I’ve been bouncing between note‑taking apps for a while now. The problem isn’t taking notes—it’s finding them again, making sense of them later, and turning a messy page of bullet points into something actually useful. I tested tidenote specifically because I needed a tool that could sit through a meeting with me, capture the mess, and then clean it up without me having to re‑type everything.
Setting up: faster than I expected
tidenote is marketed as an AI note‑taking app that works for meetings, classes, and research. I started with a real scenario: a 45‑minute project sync with a remote team. I opened the app, hit record, and let it run. The transcription was solid—no dramatic pauses or dropped words—and within about a minute after the call ended, I had a summary ready. I didn’t need to tell it who was speaking or clean up the raw text. That saved me the 10 minutes I usually spend turning a long transcript into action items.
One thing I noticed early: tidenote also offers a “Journal” section for personal notes. I used it to jot down a quick reflection right after the meeting, and the app treated it like another note, not a separate system. That felt natural, though the journaling feature itself is still pretty basic—just a title and a free‑text box. It works, but don’t expect rich formatting or prompts.
Using the AI summary: what worked and what didn’t
The AI summary for my meeting was clean. It pulled out the main decisions, who was responsible for what, and the next check‑in date. But it also missed a subtle disagreement that I knew was important. The summary treated both viewpoints as equally valid next steps, which is fine for a draft but not for action. I had to go back into the raw notes and add a comment. So the summary is good for a first pass—just don’t rely on it blindly. If your meeting involves hard tradeoffs or sensitive client feedback, you still want to skim the original.
I also tried tidenote on a dense research article I needed to digest. For that, the app let me highlight passages and then ask it to explain a concept in simpler terms. That worked better than the meeting summary, probably because the input was one consistent text without overlapping speakers. For anyone using a free ai note taking app 2026 might look like, tidenote’s research mode is a strong contender—especially if you need to pull quotes and not just summaries.

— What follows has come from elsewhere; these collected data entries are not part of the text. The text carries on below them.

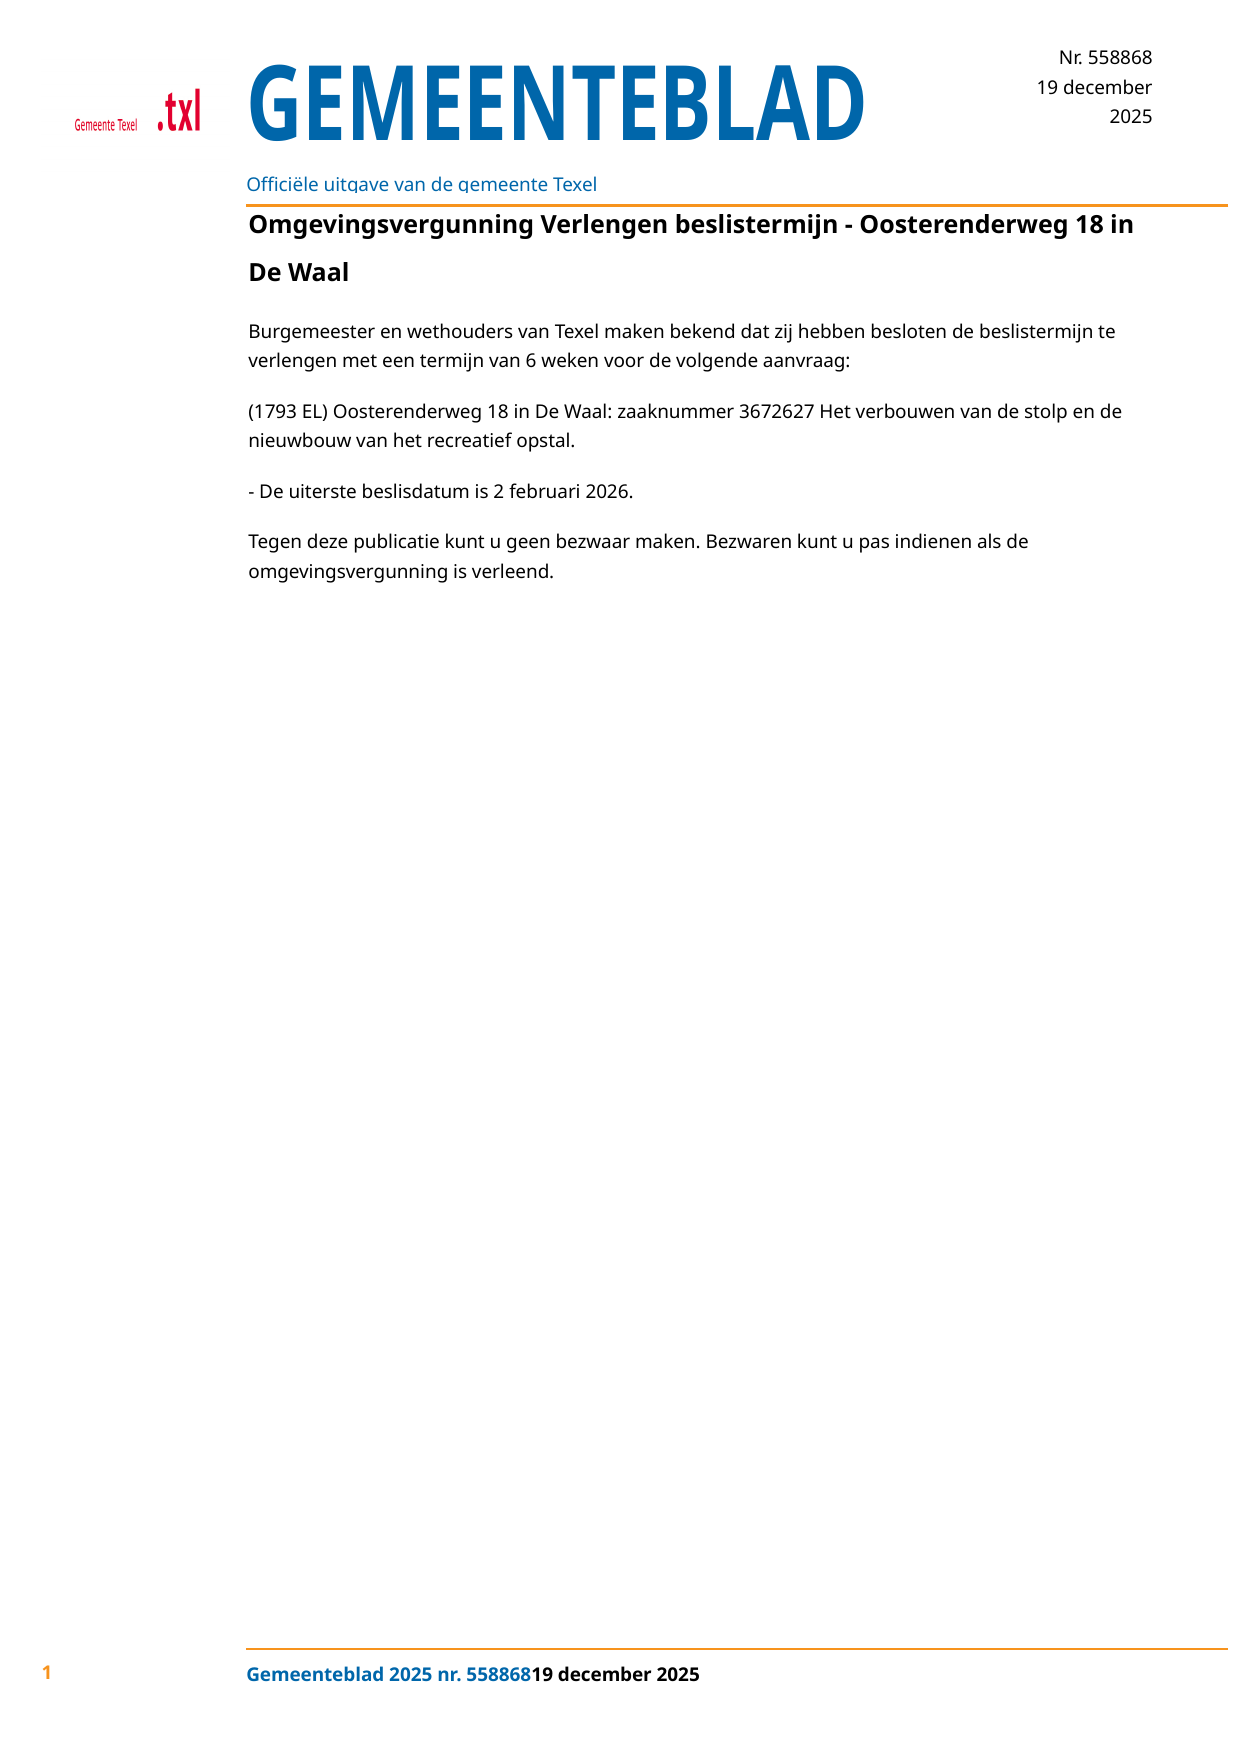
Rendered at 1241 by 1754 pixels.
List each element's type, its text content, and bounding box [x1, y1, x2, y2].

text Burgemeester en wethouders van Texel maken bekend dat zij hebben besloten de beslistermijn te verlengen met een termijn van 6 weken voor de volgende aanvraag: [248, 318, 1152, 373]
text - De uiterste beslisdatum is 2 februari 2026. [248, 478, 1152, 504]
picture [41, 47, 231, 172]
text Tegen deze publicatie kunt u geen bezwaar maken. Bezwaren kunt u pas indienen als de omgevingsvergunning is verleend. [248, 528, 1152, 584]
text Omgevingsvergunning Verlengen beslistermijn - Oosterenderweg 18 in De Waal [248, 207, 1152, 288]
text (1793 EL) Oosterenderweg 18 in De Waal: zaaknummer 3672627 Het verbouwen van de stolp en de nieuwbouw van het recreatief opstal. [248, 398, 1152, 453]

Organizing notes: the hidden friction
Here’s where I hit a small wall. tidenote lets you tag notes, but the tagging system isn’t automatic. I had to create tags manually, and the search bar doesn’t read the AI‑generated keywords—it searches the original text. So if I wrote “budget review” as a title but the AI summary used “cost breakdown,” searching for “budget” wouldn’t immediately find it. I had to rename the note to match. That’s a minor friction, but if you’re a heavy tag‑user, it’s worth knowing before you rely on it for organization.
On the positive side, the app includes a feature they call Anchor Text—you can link one note to another by highlighting a sentence and creating a reference. I linked my meeting notes to the research article I’d been reading, and it created a small web between them. That’s the kind of “cross‑note linking” that feels genuinely useful, not just a checkbox feature. I wish it had a visual map view, but for now, the anchor works as a hyperlink within your library.
Comparing to beanly and other free options
I’ve also tested beanly for a similar purpose—it’s another AI note‑taking app that focuses on bullet‑point summaries and tick‑able task lists. beanly is slightly better for turning a conversation into a to‑do list right away, but its free tier limits you to 10 summaries per month. tidenote’s free plan is more generous: unlimited note‑taking, though the AI summaries are capped. For a student or freelancer on a tight budget, that difference matters.
If you’re looking for an ai note taking app free that handles both meetings and light journaling, tidenote is worth a try. I’ve also used 小片刻 (a separate app I tested a while ago) for quick voice memos, but tidenote goes further by actually processing the content. It’s not perfect—the AI can be a little too eager to flatten nuance, and the manual tagging is clunky—but for the price (free with limits), it does the heavy lifting.
Final thoughts
I’ll keep tidenote installed for now, mainly for research and personal journaling. For team meetings, I’ll still run a backup manual note because the AI summary isn’t reliable enough for high‑stakes decisions. If you’re the kind of person who takes 60% notes and wants the app to fill in the rest, this app will save you time. Just don’t expect it to replace your full attention—it’s a helper, not a replacement.